[GIVEN DATA]

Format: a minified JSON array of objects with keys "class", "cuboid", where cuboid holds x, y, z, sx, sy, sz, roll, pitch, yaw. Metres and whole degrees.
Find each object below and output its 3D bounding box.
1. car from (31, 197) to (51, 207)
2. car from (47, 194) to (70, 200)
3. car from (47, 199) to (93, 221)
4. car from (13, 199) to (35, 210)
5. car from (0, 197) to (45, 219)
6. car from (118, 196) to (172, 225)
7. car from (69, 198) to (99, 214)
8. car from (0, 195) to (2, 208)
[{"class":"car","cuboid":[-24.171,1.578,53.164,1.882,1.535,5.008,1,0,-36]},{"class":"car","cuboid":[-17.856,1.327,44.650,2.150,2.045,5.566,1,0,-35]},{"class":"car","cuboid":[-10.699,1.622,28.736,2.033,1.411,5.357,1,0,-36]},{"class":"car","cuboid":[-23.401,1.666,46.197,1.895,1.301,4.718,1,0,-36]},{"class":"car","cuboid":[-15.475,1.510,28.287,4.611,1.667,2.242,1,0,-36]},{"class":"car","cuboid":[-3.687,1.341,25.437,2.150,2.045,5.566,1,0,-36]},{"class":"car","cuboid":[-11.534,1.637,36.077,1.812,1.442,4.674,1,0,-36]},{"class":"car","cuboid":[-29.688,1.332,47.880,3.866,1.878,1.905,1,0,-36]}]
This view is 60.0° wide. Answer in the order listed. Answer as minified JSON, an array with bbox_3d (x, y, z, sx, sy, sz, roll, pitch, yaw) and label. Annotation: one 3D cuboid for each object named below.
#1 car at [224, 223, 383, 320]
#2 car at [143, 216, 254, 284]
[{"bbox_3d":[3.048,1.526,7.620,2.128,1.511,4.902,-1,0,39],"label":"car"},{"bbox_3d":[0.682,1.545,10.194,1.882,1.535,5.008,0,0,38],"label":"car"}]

--

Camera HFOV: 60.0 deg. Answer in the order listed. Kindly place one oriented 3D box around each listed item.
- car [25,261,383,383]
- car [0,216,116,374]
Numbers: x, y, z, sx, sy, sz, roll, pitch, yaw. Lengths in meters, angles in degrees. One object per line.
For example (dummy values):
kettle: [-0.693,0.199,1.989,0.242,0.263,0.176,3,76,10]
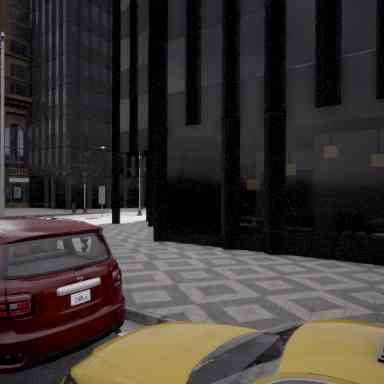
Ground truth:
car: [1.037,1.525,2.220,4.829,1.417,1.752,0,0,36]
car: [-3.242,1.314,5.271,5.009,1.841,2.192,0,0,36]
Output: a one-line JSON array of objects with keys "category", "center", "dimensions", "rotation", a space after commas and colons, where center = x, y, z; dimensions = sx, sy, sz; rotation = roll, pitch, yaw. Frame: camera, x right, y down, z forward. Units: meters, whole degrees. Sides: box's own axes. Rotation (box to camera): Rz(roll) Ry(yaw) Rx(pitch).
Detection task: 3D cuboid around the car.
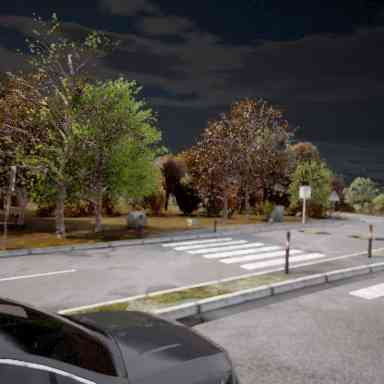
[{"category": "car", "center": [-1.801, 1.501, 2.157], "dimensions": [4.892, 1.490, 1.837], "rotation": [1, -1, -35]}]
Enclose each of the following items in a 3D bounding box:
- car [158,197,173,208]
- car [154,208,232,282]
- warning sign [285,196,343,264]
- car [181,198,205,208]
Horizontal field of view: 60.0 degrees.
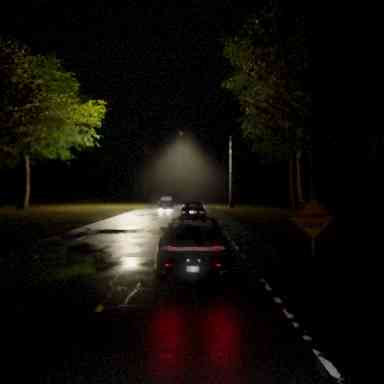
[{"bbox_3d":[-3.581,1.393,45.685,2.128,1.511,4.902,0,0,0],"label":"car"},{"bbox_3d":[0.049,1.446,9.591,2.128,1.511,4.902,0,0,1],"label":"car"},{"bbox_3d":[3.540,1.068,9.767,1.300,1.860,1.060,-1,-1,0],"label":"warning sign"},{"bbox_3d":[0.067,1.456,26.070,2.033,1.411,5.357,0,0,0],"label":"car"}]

--

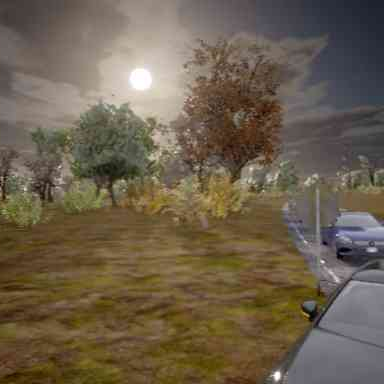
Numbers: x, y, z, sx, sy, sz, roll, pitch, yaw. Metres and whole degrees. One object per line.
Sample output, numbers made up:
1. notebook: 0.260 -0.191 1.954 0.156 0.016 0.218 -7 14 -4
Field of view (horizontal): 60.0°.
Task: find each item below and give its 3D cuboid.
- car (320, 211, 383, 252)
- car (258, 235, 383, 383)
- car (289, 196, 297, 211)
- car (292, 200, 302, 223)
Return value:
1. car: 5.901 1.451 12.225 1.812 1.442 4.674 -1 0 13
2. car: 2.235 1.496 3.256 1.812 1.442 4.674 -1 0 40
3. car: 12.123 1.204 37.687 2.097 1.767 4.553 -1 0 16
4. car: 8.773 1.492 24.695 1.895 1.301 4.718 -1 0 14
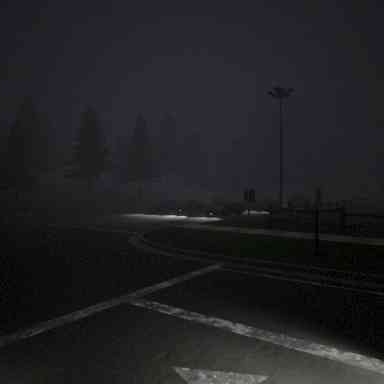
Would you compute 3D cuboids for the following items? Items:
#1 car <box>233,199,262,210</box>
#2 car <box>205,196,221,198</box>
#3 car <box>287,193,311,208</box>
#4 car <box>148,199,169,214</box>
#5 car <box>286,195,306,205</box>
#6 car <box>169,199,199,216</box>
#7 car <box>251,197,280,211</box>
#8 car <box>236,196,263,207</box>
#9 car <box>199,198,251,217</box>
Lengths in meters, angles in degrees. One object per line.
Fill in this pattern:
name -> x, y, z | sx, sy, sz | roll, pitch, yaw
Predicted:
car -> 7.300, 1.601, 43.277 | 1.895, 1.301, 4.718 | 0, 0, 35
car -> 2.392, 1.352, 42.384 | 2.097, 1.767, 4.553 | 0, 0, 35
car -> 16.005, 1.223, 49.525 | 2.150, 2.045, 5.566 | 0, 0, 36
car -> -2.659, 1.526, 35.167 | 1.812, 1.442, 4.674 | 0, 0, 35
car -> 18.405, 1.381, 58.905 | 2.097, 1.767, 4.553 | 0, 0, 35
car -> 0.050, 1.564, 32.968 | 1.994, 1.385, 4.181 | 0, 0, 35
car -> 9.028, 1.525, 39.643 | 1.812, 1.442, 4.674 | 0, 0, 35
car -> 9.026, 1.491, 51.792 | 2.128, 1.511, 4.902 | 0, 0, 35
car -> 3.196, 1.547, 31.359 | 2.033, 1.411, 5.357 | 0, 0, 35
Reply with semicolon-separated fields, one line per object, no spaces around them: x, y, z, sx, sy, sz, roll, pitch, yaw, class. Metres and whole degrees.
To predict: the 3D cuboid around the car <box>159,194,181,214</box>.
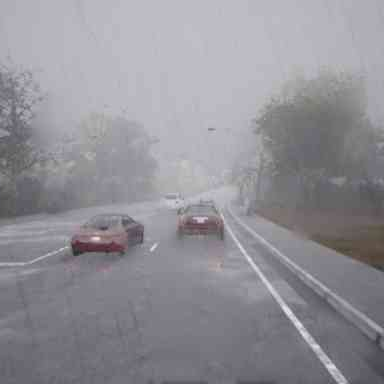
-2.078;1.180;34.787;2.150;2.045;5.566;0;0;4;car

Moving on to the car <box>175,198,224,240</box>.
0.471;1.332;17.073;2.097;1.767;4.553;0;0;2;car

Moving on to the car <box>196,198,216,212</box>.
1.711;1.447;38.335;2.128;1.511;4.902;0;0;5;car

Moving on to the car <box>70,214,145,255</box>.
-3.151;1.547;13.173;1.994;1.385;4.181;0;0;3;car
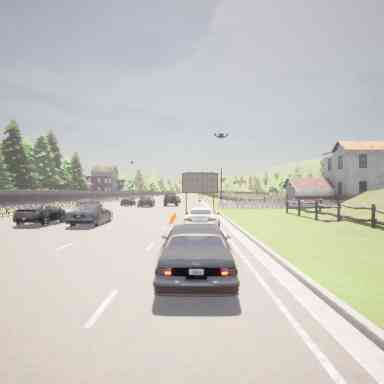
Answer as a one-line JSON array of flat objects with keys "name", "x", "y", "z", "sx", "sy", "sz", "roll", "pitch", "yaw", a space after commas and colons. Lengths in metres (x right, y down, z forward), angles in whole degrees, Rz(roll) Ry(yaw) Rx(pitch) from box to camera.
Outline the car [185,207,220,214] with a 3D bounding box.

[WHAT IS BEING ASKED] For this listing, copy out every line that includes the word "items".

[ANSWER SECTION]
Enclose each of the following items in a 3D bounding box:
Would you compute 3D cuboids for the following items? Items:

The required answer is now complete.